* _Task description_
Report back every line in the data that includes the string "object".

[Entries taken from a collection]
------------------------------------

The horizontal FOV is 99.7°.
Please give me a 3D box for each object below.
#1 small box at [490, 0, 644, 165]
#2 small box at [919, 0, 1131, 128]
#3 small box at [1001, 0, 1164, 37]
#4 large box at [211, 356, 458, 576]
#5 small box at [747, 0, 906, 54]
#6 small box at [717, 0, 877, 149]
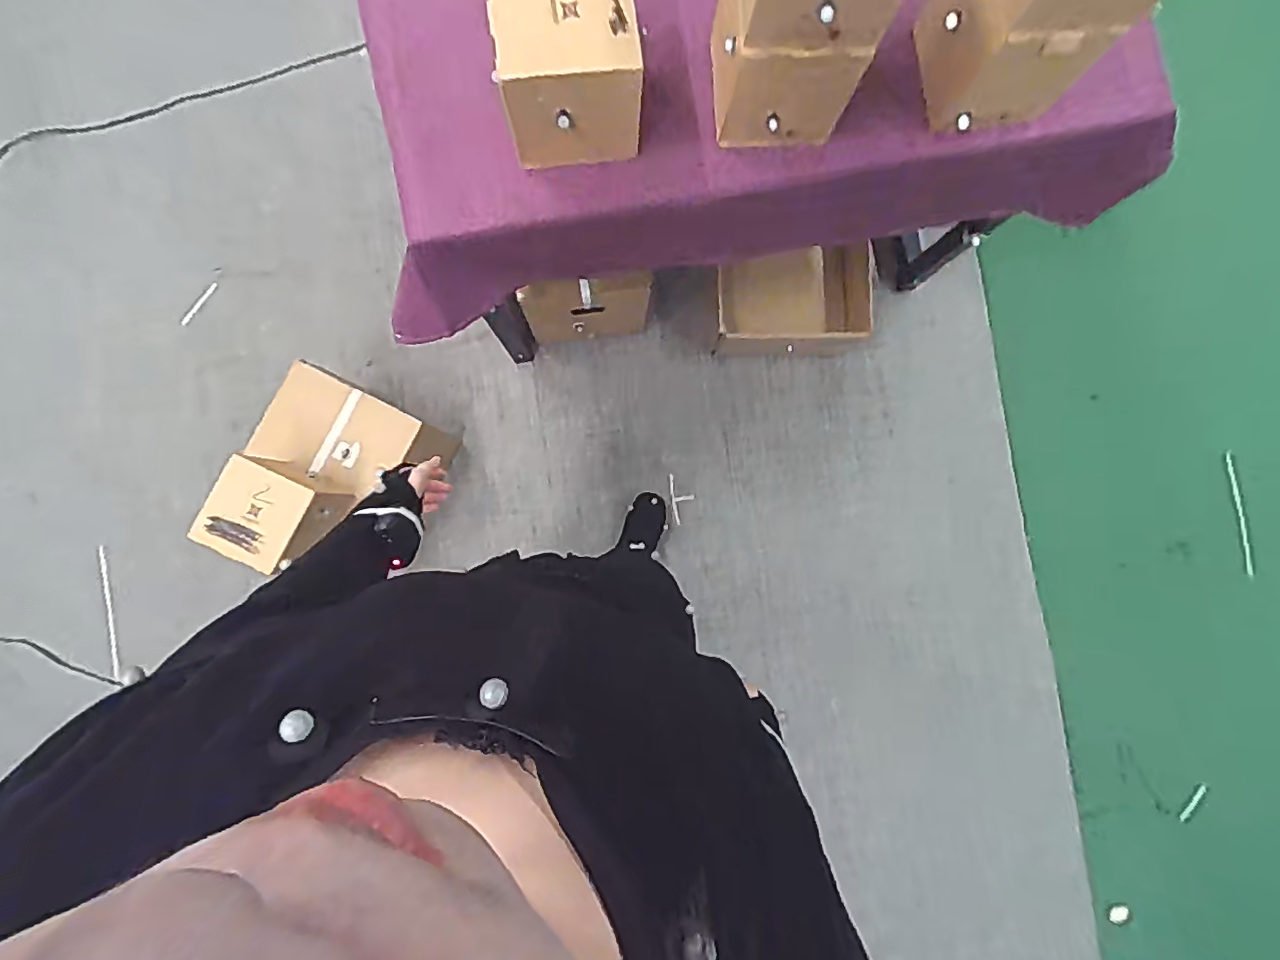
[{"bbox_3d":[-0.091,-0.552,0.725,0.179,0.176,0.168,-7,88,-2],"label":"small box"},{"bbox_3d":[0.522,-0.627,0.758,0.168,0.176,0.179,-7,87,-3],"label":"small box"},{"bbox_3d":[0.534,-0.638,0.596,0.179,0.176,0.168,-6,86,-3],"label":"small box"},{"bbox_3d":[-0.714,-0.021,1.329,0.320,0.320,0.408,28,85,-2],"label":"large box"},{"bbox_3d":[0.212,-0.611,0.579,0.168,0.176,0.179,-1,88,-2],"label":"small box"},{"bbox_3d":[0.203,-0.595,0.743,0.168,0.176,0.179,-2,88,-3],"label":"small box"}]
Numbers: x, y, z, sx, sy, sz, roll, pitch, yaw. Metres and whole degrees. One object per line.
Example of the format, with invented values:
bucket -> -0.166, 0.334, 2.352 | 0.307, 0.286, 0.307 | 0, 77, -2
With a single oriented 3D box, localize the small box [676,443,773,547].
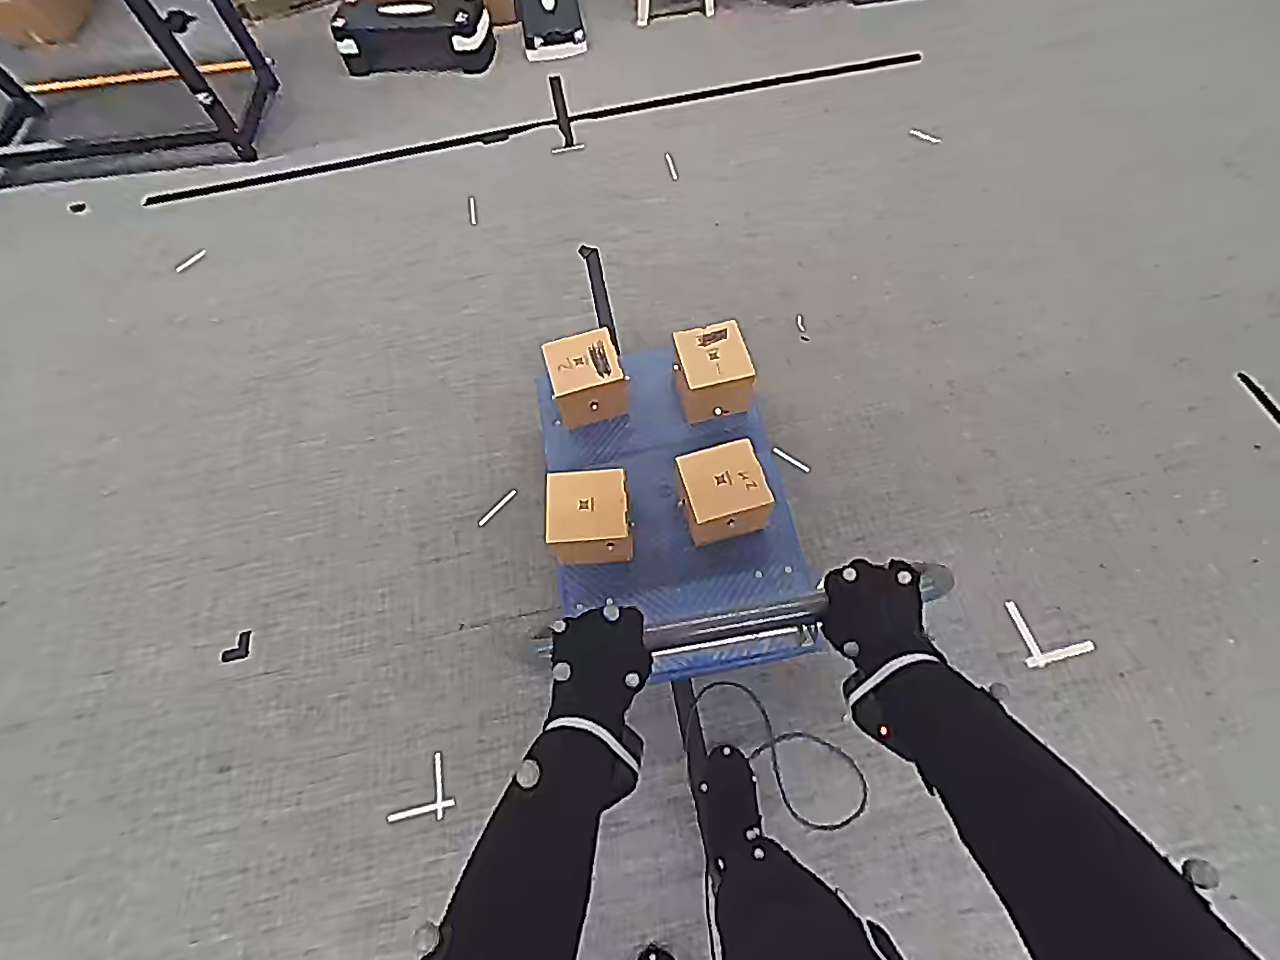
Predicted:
small box -> 0.190, 0.042, 1.257 | 0.179, 0.176, 0.168 | -15, 65, -3

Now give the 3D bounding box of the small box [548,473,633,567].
small box -> -0.110, 0.098, 1.249 | 0.179, 0.176, 0.168 | -4, 65, 0

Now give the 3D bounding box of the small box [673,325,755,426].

------------------------------------

* _Answer area_
Please give me a 3D box for each object below.
Numbers: x, y, z, sx, sy, sz, roll, pitch, yaw. Metres and whole degrees. One object per line.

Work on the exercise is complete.